[The problem] Look below for the line containing "#4 car at [674, 607, 744, 629]" and the line containing "#28 car at [1229, 625, 1310, 665]"; repeat exactly those two lines and all lines between them, and nothing else.

━━━

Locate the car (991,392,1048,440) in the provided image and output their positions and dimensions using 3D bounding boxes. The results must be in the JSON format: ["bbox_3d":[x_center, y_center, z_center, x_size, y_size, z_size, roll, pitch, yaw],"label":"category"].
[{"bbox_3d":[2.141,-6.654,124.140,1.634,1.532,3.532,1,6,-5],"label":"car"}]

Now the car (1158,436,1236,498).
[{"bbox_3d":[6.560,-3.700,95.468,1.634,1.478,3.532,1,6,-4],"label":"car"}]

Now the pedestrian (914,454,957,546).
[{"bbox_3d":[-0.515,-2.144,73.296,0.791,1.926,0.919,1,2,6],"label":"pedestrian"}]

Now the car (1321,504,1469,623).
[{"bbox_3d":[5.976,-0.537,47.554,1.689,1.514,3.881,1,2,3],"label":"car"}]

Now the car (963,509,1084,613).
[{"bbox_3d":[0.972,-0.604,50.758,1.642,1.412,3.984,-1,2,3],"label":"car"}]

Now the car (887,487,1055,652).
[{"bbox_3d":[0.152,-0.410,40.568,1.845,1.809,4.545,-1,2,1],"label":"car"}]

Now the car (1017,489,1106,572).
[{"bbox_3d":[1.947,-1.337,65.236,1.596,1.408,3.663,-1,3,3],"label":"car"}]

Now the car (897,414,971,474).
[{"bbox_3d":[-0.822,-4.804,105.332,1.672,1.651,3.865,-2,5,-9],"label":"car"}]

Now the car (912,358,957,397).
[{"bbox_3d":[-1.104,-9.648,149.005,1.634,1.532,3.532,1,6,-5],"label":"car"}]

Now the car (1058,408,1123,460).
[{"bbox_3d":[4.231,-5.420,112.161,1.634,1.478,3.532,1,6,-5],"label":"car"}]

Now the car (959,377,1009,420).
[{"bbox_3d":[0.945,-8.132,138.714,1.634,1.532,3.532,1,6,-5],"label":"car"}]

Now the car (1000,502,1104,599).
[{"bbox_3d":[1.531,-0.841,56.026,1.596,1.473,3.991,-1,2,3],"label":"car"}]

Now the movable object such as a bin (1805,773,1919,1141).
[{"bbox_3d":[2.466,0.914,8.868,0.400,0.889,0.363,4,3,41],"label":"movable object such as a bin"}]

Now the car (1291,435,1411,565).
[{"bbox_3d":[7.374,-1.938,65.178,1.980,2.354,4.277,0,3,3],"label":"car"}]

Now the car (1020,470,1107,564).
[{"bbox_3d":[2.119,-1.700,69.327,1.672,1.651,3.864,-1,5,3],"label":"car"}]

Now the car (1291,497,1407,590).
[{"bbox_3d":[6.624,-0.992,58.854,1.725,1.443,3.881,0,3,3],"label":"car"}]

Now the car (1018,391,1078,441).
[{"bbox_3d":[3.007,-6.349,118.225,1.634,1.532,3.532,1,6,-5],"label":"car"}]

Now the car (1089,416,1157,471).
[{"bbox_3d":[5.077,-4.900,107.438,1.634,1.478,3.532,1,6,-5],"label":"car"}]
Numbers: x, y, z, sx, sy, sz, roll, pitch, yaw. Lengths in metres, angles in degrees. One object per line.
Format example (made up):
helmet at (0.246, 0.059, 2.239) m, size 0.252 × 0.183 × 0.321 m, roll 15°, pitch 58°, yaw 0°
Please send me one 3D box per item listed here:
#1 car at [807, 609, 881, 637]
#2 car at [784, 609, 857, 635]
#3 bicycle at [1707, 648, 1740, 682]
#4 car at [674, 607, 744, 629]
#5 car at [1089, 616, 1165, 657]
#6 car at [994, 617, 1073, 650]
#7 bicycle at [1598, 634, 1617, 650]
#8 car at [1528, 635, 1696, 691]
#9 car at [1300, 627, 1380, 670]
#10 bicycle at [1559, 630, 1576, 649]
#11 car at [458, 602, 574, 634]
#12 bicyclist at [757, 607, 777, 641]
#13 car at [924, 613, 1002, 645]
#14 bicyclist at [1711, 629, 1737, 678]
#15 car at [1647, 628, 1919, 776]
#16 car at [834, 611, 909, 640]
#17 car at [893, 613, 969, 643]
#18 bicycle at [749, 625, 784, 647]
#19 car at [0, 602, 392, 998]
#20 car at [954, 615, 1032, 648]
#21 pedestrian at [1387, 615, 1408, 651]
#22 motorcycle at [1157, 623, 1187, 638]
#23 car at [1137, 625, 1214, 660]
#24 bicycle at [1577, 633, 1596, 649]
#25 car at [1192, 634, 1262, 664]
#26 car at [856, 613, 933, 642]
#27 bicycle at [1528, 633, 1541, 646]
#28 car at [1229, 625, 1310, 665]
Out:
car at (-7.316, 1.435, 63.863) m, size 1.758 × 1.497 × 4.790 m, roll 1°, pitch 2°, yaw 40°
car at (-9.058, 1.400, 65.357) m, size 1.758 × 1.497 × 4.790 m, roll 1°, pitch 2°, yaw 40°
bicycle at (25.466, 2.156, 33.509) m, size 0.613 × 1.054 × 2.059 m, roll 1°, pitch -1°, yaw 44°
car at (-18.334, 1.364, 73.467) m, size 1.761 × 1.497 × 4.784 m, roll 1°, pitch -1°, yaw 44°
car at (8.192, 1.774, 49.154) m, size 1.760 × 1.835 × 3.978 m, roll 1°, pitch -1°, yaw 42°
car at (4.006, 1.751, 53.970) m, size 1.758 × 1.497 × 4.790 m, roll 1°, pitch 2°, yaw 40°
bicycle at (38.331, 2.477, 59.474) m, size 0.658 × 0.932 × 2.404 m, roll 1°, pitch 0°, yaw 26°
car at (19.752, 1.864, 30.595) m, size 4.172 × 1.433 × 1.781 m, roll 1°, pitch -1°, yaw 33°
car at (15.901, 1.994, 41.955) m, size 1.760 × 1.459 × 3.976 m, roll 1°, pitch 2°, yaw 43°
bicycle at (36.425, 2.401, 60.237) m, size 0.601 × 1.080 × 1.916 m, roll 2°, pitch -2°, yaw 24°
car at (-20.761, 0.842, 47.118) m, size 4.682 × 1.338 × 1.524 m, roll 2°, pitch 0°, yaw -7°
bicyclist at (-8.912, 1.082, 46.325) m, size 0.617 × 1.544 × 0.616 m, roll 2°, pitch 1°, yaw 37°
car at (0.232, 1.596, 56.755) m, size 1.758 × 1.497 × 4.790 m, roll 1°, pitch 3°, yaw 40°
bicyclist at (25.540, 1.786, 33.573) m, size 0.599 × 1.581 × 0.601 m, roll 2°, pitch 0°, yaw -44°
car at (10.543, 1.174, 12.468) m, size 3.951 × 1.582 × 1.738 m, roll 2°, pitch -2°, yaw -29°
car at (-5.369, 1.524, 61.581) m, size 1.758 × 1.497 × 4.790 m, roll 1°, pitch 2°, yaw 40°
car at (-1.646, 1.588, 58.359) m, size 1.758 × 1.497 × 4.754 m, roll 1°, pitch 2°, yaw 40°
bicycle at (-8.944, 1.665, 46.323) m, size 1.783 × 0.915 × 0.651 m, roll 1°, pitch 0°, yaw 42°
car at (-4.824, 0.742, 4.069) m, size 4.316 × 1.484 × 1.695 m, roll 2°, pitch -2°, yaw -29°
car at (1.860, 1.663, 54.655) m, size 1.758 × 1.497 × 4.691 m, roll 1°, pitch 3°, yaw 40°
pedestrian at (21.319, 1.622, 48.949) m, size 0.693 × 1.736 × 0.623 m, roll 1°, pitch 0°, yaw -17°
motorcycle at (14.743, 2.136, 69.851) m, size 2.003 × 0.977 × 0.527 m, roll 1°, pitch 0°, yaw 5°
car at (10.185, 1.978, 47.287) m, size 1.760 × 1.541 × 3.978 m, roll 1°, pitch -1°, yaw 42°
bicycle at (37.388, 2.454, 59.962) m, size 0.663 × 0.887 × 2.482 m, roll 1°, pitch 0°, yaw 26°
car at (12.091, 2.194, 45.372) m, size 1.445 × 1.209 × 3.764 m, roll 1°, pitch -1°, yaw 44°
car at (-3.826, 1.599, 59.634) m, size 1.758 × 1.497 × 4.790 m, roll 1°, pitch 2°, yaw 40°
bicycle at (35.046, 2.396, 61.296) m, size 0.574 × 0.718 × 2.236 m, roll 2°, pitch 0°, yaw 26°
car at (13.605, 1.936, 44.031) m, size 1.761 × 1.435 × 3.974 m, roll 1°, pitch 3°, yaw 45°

━━━

[Exercise answer]
#4 car at [674, 607, 744, 629]
#5 car at [1089, 616, 1165, 657]
#6 car at [994, 617, 1073, 650]
#7 bicycle at [1598, 634, 1617, 650]
#8 car at [1528, 635, 1696, 691]
#9 car at [1300, 627, 1380, 670]
#10 bicycle at [1559, 630, 1576, 649]
#11 car at [458, 602, 574, 634]
#12 bicyclist at [757, 607, 777, 641]
#13 car at [924, 613, 1002, 645]
#14 bicyclist at [1711, 629, 1737, 678]
#15 car at [1647, 628, 1919, 776]
#16 car at [834, 611, 909, 640]
#17 car at [893, 613, 969, 643]
#18 bicycle at [749, 625, 784, 647]
#19 car at [0, 602, 392, 998]
#20 car at [954, 615, 1032, 648]
#21 pedestrian at [1387, 615, 1408, 651]
#22 motorcycle at [1157, 623, 1187, 638]
#23 car at [1137, 625, 1214, 660]
#24 bicycle at [1577, 633, 1596, 649]
#25 car at [1192, 634, 1262, 664]
#26 car at [856, 613, 933, 642]
#27 bicycle at [1528, 633, 1541, 646]
#28 car at [1229, 625, 1310, 665]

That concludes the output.